Dublin City Council spends €638,000 on security for Priory Hall

Figures obtained by TheJournal.ie reveal G4S Ireland has been paid more than €638k for less than a year’s security, during which time a number of break-ins have occurred on the site.

Image: Priory Hall Residents

SINCE EVACUATING ALL 256 residents from Priory Hall because of fire safety concerns last October, Dublin City Council has spent a total of €638,847 on providing security to the Donaghmede complex.

Four security personnel stand guard at a temporary base at the front of the apartment blocks 24-hours-a-day at a cost of more than €60,000 per month to the taxpayer, according to documents obtained by TheJournal.ie under the Freedom of Information Act.

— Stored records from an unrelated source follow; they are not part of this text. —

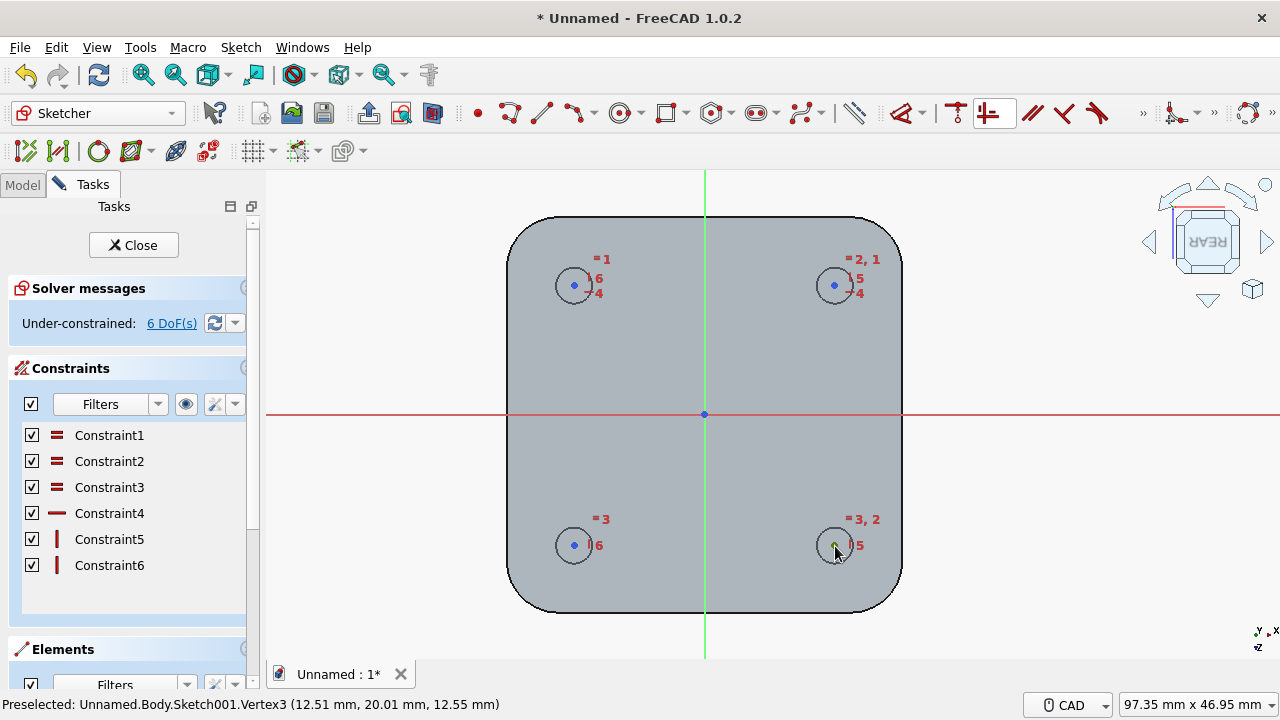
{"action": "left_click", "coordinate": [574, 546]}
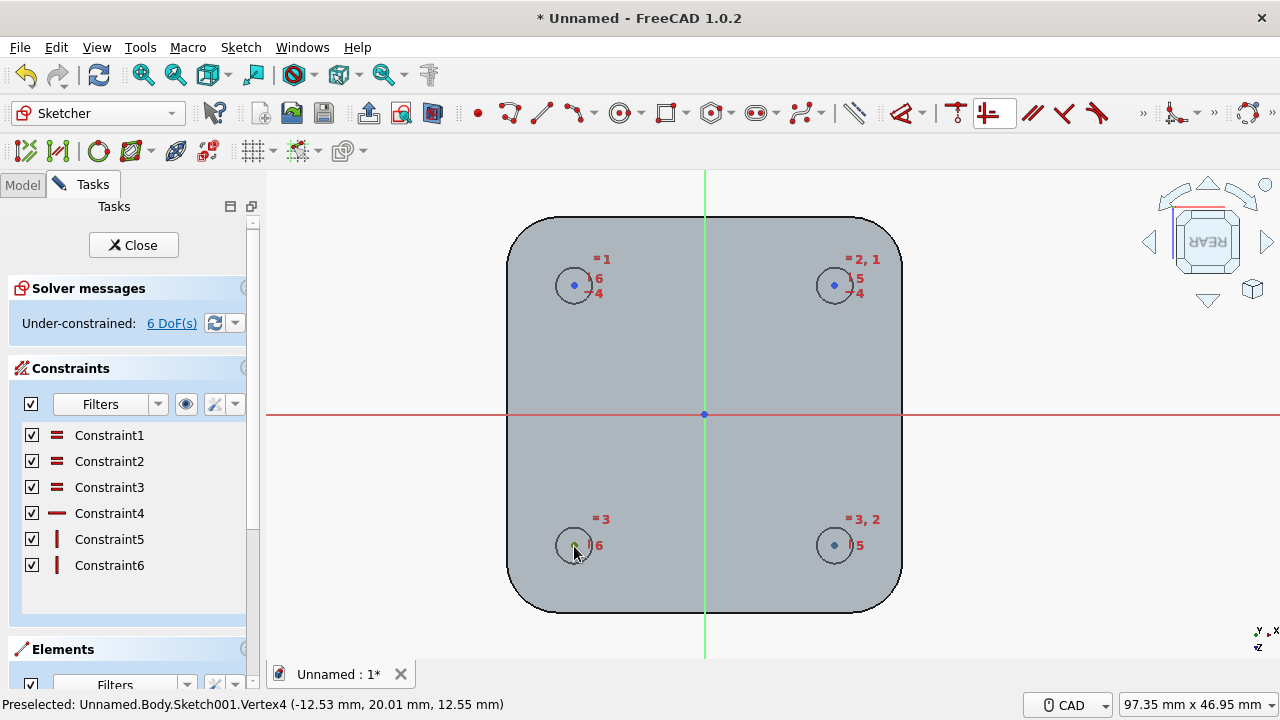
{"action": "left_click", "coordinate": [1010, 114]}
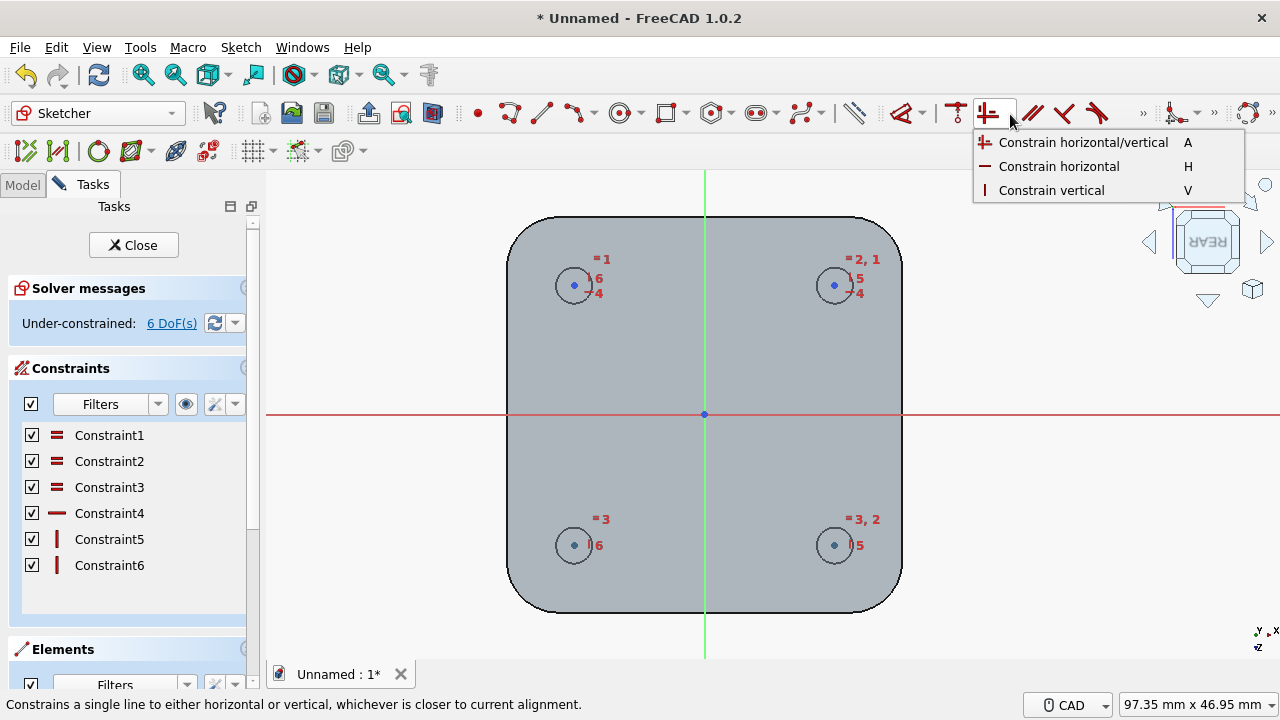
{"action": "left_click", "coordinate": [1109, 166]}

The full sum of money has been paid in monthly instalments between 17 October 2011 and 31 August 2012 to G4S Secure Solutions (Ire) Limited, the sole company contracted by the council to provide security. TheJournal.ie has learned that the hourly cost for one security guard is about €17.

Services provided are described by the company’s invoices as “monthly temporary watch” and payments have been approved by the Housing Finance Unit.

In a statement, Dublin City Council said, “Security is in place as these apartments are vulnerable since they were de-tenanted and it is common knowledge that they are empty.”

Smaller amounts of about €110 have been paid each month for the hire of the temporary security base. Almost €450 was also invoiced by the firm for the provision of Tufloo temporary toilets and a further €61.50 for their collection earlier this year.

Despite the cost of security, a number of break-ins at the four apartment blocks have been reported by former residents in the past seven months. Responding to queries about the intrusions, DCC has confirmed that the perimeter security is not for the entire site.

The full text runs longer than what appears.